Senior Security Assurance Engineer (Internal Penetration Testing)

Qube Research & Technologies (QRT) is a global quantitative and systematic investment manager, operating in all liquid asset classes across the world. We are a technology and data driven group implementing a scientific approach to investing. Combining data, research, technology, and trading expertise has shaped our collaborative mindset, which enables us to solve the most complex challenges. QRT’s culture of innovation continuously drives our ambition to deliver high quality returns for our investors.

The Security Assurance team is responsible for identifying, assessing, and validating security risks across QRT’s technology environment. The team works closely with Security Engineers, Software Engineers, Infrastructure Engineers, Cloud Engineers, and Technology stakeholders to evaluate the effectiveness of security controls and strengthen the firm's overall security posture through adversarial testing and assurance activities.

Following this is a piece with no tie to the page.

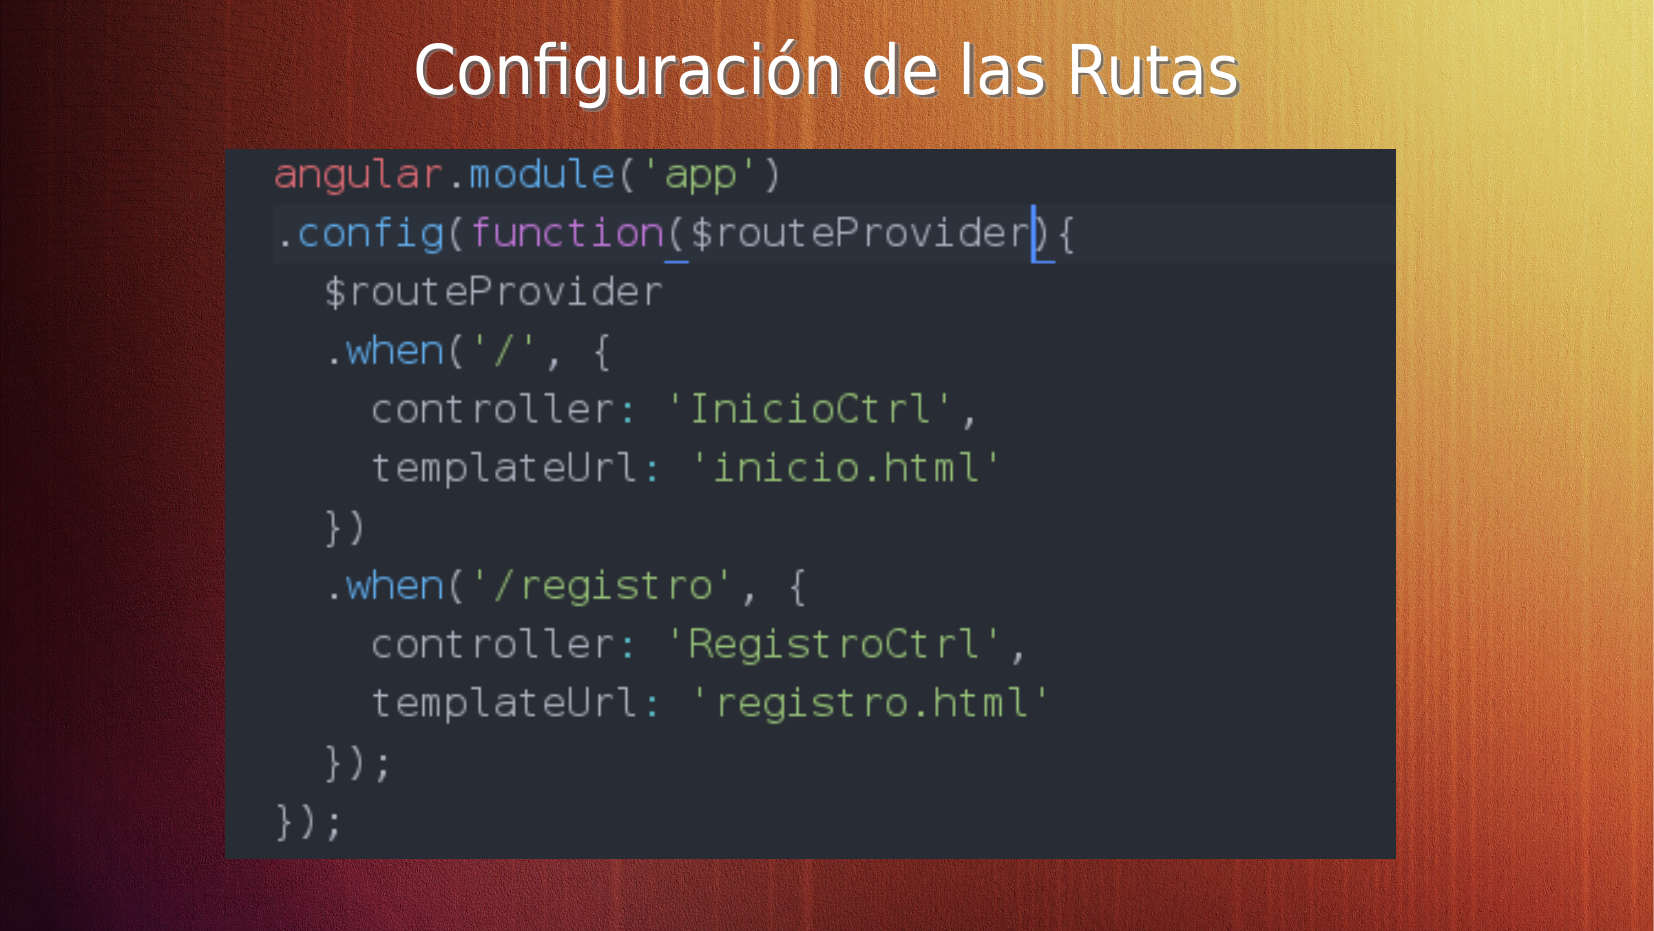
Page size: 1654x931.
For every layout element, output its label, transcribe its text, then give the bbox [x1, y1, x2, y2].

picture [0, 0, 1654, 931]
title Configuración de las Rutas [82, 31, 1571, 112]

Your Future Role within QRT

You will:

• Conduct internal penetration testing across a wide range of systems, including trading infrastructure, cloud platforms, APIs, and business applications in both Windows and Linux environments.
• Perform red team-style assessments and adversarial simulations to identify weaknesses in detection, response, and resilience capabilities.
• Design and execute security assurance strategies to validate the effectiveness of security controls across applications, infrastructure, and cloud environments.
• Coordinate external penetration testing engagements with third-party security vendors, including scoping, execution oversight, validation of findings, and remediation tracking across cloud, infrastructure, and application environments.
• Identify, exploit, and clearly document vulnerabilities, providing actionable remediation guidance tailored to engineering teams.
• Collaborate with product security and development teams to ensure vulnerabilities are properly remediated.
• Support threat modelling exercises by providing an attacker’s perspective on system design and architecture.
• Develop and maintain tooling, scripts, and frameworks to automate testing and improve coverage of security assessments.
• Contribute to continuous security testing within CI/CD pipelines, including validation of SAST/DAST findings and runtime security controls.
• Conduct security reviews of internal and third-party systems, validating real-world exploitability of identified risks.
• Provide mentorship and training to engineers on common attack vectors, exploitation techniques, and secure design principles.
• Stay current with emerging threats, vulnerabilities, and offensive security techniques relevant to financial systems and low-latency environments.

Your present skillset:

• 5+ years of experience in penetration testing, red teaming, or security assurance roles, with hands-on experience testing complex, large-scale systems.
• Strong practical knowledge of offensive security techniques, including web application, API, network, and cloud exploitation.
• Solid understanding of system internals, networking, and common vulnerability classes, including OWASP Top 10, logic flaws, authentication and authorisation issues, and race conditions.
• Familiarity with both Windows and Linux environments from an attacker’s perspective.
• Experience using standard penetration testing tools such as Burp Suite, Metasploit, Nmap, BloodHound, and similar offensive security tooling.
• Ability to assess the real-world impact of vulnerabilities and prioritise risks in a high-stakes environment.
• Ability to clearly document findings, explain exploitability, and provide practical remediation guidance to engineering and infrastructure teams.
• Strong communication skills, with the ability to clearly articulate technical risks and remediation strategies to engineering stakeholders.
• Ability to operate independently, manage multiple assessments, and provide senior-level technical judgement during security assurance activities.
• Preferred:
  • Experience testing applications and services developed in languages such as Python, C++, Rust, Go, and Kotlin/Java.
  • Experience with cloud security testing across AWS or Azure, including IAM, network configuration, storage, managed services, and common cloud misconfigurations.
  • Experience developing custom penetration testing tools, automation, scripts, exploits, or fuzzers.
  • Experience integrating security testing into CI/CD pipelines or supporting continuous assurance practices.
  • Understanding of detection and response mechanisms, with the ability to evaluate or bypass them during controlled testing.
  • Experience conducting red team exercises, adversary simulations, or purple team engagements.
  • Experience with containerised environments, Kubernetes, infrastructure-as-code, or hybrid cloud infrastructure.
  • Knowledge of low-latency systems, financial trading environments, or high-performance distributed systems.
  • Relevant certifications such as OSCP, OSEP, OSCE, CRTO, CCT APP, CCT INF, or equivalent practical experience.

QRT is an equal opportunity employer.